■ **Provided data**
::::::

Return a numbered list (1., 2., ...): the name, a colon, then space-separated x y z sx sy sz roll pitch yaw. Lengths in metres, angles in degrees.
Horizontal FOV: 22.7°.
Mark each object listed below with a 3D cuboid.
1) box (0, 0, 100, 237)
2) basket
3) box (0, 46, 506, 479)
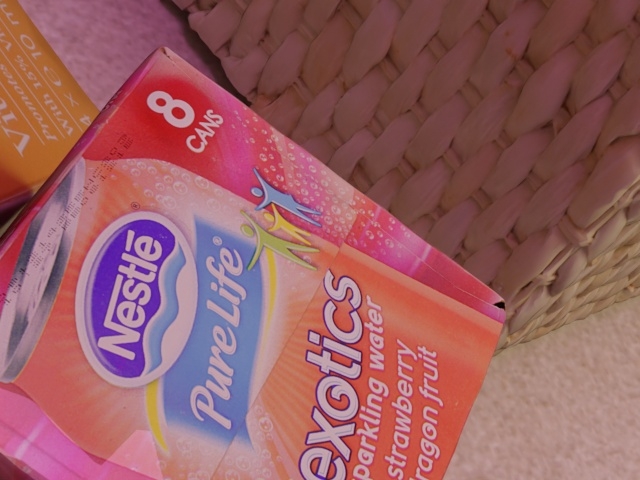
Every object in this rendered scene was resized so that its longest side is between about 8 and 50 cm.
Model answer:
1. box: -0.243 -0.040 0.479 0.215 0.168 0.345 55 21 -1
2. basket: 0.141 -0.155 0.842 0.266 0.331 0.328 -21 70 -41
3. box: -0.092 0.097 0.537 0.142 0.300 0.154 38 47 -8

::::::

■ **What the task asks**
All lines from the one containing "Every object in" through the end of the data, and no others, are to be given again word for word.

■ **Solution**
Every object in this rendered scene was resized so that its longest side is between about 8 and 50 cm.
Model answer:
1. box: -0.243 -0.040 0.479 0.215 0.168 0.345 55 21 -1
2. basket: 0.141 -0.155 0.842 0.266 0.331 0.328 -21 70 -41
3. box: -0.092 0.097 0.537 0.142 0.300 0.154 38 47 -8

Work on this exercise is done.